Estímulo y límite, el periodismo puede ser visto desde la literatura como el boxeo de sombra que permitió a Hemingway subir al ring, pero también como tumba de la ficción (cuando el protagonista de Conversación en La Catedral entra a un periódico, siente que compromete su vocación de escritor en ciernes y ve la máquina de escribir como un pequeño ataúd en el escritorio).

Comoquiera que sea, el siglo XX volvió específico el oficio del cronista que no es un narrador arrepentido. Aunque ocasionalmente hayan practicado otros géneros, Egon Edwin Kisch, Bruce Chatwin, Álvaro Cunqueiro, Ryszard Kapucinski, Joseph Pla y Carlos Monsiváis son heraldos, como los grandes del jazz, improvisan la eternidad.

Algo ha cambiado con tantos trajines. El prejuicio que veía al escritor como artista y al periodista como artesano resulta obsoleto. Una crónica lograda es literatura bajo presión”.

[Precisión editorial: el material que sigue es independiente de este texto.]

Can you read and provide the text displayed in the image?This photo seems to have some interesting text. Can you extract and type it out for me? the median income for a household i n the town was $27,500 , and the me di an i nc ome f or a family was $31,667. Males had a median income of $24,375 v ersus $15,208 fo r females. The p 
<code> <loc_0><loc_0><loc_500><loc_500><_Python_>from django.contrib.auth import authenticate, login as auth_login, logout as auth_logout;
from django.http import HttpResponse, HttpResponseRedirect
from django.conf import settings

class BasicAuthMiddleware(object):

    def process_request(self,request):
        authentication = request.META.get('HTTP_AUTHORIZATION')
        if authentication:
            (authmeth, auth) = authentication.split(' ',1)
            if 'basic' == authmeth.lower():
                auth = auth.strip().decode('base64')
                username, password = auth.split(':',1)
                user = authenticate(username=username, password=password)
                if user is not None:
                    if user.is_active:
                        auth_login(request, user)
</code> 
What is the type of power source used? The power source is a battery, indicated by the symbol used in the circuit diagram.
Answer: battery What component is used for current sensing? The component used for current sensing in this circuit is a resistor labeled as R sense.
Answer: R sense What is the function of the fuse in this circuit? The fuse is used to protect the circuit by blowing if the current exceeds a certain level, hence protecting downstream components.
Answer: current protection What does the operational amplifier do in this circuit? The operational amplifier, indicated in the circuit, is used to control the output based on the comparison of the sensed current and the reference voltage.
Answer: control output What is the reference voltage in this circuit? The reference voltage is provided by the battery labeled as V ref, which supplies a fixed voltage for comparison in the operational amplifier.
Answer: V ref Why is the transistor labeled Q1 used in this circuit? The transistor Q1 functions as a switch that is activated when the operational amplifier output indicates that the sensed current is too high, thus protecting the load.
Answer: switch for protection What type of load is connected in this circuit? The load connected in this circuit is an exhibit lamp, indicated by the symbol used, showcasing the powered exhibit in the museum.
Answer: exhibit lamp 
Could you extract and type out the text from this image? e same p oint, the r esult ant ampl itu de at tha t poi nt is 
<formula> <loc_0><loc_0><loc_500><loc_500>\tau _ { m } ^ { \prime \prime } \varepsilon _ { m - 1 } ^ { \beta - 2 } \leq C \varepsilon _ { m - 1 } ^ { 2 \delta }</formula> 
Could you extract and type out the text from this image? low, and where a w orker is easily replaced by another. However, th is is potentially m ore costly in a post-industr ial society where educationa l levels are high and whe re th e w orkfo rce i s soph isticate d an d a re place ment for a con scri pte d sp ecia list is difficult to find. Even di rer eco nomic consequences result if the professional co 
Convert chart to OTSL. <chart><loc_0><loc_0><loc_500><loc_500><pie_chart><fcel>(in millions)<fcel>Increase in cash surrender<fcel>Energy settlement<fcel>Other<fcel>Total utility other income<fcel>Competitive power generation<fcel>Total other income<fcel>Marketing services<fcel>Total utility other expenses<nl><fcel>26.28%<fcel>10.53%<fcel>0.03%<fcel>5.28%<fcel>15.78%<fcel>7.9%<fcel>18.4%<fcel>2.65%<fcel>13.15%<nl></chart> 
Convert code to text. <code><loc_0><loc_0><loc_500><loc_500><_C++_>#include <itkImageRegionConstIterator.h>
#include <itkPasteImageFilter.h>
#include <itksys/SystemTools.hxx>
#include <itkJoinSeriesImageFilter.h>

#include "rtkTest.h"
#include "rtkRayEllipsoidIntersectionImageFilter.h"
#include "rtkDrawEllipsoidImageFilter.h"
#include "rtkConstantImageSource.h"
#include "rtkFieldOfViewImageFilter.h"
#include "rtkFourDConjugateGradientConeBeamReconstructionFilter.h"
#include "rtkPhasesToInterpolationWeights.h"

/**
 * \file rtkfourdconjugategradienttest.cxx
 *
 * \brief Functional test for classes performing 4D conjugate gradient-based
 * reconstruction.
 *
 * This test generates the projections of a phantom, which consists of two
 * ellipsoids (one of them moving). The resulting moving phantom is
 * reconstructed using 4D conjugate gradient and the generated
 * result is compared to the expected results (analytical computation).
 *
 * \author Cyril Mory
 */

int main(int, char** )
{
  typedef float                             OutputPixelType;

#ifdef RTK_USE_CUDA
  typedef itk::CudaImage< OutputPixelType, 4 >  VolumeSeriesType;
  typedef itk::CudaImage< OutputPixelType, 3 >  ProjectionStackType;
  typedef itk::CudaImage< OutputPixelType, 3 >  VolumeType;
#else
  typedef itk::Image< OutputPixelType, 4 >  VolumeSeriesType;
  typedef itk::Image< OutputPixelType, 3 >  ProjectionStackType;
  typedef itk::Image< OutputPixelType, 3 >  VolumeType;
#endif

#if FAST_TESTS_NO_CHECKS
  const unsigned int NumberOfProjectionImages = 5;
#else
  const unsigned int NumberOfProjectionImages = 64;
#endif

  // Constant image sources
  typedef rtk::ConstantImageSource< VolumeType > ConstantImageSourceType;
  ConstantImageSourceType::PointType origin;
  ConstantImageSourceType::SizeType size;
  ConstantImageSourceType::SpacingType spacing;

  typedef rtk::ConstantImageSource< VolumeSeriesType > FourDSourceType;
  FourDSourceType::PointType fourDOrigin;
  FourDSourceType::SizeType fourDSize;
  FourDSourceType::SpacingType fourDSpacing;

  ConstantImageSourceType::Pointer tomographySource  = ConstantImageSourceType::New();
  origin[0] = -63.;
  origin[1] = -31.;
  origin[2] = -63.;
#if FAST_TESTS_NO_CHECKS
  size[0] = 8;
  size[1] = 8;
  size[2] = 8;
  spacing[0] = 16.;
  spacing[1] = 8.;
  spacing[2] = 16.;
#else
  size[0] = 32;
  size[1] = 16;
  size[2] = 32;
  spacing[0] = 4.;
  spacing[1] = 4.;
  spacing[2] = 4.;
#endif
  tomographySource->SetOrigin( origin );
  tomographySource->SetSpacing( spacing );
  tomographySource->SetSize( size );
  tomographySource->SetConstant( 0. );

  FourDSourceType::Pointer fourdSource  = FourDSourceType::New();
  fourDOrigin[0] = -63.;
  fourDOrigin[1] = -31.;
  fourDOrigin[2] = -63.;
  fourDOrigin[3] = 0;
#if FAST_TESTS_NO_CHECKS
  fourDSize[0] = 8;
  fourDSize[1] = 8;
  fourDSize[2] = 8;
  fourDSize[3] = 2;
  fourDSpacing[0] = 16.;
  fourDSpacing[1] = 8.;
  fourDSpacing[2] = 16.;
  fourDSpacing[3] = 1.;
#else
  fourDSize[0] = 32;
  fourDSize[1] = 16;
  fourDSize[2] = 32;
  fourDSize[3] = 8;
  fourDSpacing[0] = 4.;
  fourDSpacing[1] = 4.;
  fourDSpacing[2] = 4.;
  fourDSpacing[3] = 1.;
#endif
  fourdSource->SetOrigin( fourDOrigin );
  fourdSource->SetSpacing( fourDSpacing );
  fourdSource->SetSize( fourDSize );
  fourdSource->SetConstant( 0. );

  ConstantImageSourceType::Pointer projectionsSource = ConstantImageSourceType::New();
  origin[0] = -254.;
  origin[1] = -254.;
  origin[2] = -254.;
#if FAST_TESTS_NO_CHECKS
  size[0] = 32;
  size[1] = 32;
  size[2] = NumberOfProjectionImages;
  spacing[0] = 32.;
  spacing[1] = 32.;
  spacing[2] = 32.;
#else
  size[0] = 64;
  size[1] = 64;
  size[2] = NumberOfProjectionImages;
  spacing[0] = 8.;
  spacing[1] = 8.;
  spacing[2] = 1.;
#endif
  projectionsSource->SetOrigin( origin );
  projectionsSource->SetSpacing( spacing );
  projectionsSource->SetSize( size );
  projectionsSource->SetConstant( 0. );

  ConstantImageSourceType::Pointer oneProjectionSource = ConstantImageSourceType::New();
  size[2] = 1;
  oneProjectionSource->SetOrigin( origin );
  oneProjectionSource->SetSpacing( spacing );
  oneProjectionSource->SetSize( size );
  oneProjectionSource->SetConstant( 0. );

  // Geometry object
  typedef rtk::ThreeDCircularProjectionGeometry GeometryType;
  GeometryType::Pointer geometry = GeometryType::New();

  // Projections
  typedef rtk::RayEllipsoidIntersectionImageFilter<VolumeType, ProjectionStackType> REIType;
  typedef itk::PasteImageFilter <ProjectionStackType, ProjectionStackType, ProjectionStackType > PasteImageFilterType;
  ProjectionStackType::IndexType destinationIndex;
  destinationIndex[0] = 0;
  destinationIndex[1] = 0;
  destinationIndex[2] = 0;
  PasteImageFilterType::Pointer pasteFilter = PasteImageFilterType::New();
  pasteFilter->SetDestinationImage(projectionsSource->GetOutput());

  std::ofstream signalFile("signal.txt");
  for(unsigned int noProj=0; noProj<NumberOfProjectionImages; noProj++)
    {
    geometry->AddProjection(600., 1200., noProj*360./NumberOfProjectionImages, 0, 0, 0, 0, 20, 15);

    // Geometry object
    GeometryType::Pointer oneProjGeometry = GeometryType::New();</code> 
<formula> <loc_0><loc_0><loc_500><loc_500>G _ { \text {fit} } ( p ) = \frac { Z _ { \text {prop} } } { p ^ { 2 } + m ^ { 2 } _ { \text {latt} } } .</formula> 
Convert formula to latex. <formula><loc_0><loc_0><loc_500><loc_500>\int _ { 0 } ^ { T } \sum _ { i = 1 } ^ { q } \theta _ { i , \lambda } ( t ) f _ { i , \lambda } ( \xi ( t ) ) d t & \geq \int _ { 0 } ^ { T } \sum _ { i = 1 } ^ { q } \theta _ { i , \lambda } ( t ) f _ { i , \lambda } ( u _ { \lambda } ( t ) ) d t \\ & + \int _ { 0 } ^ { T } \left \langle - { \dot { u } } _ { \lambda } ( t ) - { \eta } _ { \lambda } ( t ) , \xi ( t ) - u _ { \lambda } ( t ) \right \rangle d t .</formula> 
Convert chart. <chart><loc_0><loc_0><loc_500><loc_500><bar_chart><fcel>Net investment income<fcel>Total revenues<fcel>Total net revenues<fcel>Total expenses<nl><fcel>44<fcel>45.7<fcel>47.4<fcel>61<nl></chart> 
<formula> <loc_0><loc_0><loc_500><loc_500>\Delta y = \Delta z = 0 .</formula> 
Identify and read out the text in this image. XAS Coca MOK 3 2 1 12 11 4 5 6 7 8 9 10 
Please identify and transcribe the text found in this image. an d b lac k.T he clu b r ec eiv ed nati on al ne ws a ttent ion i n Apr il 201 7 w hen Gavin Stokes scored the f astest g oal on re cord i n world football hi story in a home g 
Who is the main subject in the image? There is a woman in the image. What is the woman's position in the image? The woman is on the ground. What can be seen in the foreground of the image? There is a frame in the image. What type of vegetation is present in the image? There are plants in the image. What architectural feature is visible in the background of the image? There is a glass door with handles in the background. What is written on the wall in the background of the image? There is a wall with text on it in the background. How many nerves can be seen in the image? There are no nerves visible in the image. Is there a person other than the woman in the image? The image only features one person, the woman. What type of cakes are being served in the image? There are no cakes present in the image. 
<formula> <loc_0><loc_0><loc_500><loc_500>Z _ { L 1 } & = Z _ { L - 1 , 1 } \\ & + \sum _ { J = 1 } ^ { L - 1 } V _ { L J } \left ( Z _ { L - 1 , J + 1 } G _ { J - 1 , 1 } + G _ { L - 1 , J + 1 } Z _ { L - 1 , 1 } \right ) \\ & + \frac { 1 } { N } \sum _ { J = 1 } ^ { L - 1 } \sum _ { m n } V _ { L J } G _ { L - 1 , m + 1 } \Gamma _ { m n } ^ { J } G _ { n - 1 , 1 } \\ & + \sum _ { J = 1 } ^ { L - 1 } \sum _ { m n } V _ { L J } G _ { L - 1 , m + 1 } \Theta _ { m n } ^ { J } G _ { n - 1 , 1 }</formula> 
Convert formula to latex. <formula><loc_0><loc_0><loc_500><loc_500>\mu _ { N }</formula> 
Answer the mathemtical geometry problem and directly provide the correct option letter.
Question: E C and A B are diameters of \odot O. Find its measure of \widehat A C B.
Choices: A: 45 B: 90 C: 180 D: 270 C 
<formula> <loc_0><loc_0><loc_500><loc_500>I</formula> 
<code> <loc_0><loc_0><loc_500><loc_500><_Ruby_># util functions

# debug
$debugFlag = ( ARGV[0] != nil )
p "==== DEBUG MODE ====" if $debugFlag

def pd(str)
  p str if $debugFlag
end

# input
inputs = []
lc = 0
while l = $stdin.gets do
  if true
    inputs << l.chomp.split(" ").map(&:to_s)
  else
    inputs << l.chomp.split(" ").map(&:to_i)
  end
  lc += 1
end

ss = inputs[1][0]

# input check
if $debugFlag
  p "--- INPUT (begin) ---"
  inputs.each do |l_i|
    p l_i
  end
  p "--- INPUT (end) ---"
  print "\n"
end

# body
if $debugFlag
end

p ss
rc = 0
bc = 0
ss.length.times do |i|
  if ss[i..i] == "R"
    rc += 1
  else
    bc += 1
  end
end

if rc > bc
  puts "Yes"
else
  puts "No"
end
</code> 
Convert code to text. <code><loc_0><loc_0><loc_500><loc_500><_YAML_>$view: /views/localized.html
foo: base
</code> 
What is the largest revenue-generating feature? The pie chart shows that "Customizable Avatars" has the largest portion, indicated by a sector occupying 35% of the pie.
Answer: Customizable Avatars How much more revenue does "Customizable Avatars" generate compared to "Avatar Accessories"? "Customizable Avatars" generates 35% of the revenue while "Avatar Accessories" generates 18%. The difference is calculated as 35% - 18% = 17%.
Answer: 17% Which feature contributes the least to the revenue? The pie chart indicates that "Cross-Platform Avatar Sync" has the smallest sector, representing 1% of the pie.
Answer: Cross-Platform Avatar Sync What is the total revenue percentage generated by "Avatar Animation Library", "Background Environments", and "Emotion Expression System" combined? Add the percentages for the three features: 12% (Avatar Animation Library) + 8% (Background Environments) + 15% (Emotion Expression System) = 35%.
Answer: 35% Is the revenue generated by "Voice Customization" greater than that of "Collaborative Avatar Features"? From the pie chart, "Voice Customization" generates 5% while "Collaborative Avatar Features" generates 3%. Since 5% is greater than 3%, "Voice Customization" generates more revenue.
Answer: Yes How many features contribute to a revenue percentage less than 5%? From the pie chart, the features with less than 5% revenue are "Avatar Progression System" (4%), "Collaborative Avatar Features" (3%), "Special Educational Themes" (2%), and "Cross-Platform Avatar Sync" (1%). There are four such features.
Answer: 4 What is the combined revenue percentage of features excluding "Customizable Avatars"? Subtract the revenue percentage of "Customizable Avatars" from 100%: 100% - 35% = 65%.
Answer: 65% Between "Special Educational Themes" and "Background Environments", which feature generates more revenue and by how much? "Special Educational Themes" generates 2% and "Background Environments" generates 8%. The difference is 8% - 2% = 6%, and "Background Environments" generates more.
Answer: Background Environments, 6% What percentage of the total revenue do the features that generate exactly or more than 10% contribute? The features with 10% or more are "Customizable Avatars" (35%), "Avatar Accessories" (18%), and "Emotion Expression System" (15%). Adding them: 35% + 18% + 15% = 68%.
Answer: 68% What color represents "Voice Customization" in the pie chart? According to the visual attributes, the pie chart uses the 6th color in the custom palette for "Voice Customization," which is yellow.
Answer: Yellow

Juan Villoro, “La crónica, ornitorrinco de la prosa”

 

“Una primera definición: la crónica es eso que nuestros periódicos hacen cada vez menos. Suelo preguntarme por qué los editores de diarios y periódicos latinoamericanos se empeñan en despreciar a sus lectores. O, mejor, en tratar de deshacerlos: en su desesperación por pelearle espacio a la radio y a la televisión, los editores latinoamericanos suelen pensar medios gráficos para una rara especie que ellos se inventaron: el lector que no lee. Es un problema: un lector se define por leer, y un lector que no lee es un ente confuso. Sin embargo, nuestros bravos editores no tremulan ante la aparente contradicción: siguen adelante con sus páginas llenas de fotos, recuadros, infografías, dibujitos. Los carcome el miedo a la palabra escrita, a la lengua, y creen que es mejor pelear contra la tele con las armas de la tele, en lugar de usar las únicas armas que un texto no comparte: la escritura. Por eso, en general, les va como les va; por eso, en general, a nosotros también”.

Martín Caparrós, “Por la crónica”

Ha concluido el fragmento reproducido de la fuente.